- _WHAT YOU HAVE TO DO_
Wherever a line in the data holds the word "from", pull that line out.

□ □ □ □ □ □ □

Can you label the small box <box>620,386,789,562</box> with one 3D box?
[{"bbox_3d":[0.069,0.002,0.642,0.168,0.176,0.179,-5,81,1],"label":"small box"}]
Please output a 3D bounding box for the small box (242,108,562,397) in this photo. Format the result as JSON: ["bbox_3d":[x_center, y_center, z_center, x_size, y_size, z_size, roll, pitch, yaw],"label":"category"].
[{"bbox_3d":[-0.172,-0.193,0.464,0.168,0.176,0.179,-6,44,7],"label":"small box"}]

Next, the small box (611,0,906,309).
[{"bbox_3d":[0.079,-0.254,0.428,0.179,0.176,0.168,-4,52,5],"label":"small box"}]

□ □ □ □ □ □ □

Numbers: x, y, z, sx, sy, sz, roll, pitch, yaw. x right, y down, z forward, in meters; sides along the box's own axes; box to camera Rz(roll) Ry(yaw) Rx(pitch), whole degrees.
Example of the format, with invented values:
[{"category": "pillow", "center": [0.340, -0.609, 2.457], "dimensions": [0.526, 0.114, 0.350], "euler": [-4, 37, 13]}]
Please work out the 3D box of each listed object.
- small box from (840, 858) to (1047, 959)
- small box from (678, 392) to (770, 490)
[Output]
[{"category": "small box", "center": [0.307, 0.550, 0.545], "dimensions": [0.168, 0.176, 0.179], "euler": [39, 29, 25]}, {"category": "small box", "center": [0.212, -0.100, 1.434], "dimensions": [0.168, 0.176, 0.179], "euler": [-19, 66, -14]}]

□ □ □ □ □ □ □

- _OUTPUT OF THE TASK_
- small box from (840, 858) to (1047, 959)
- small box from (678, 392) to (770, 490)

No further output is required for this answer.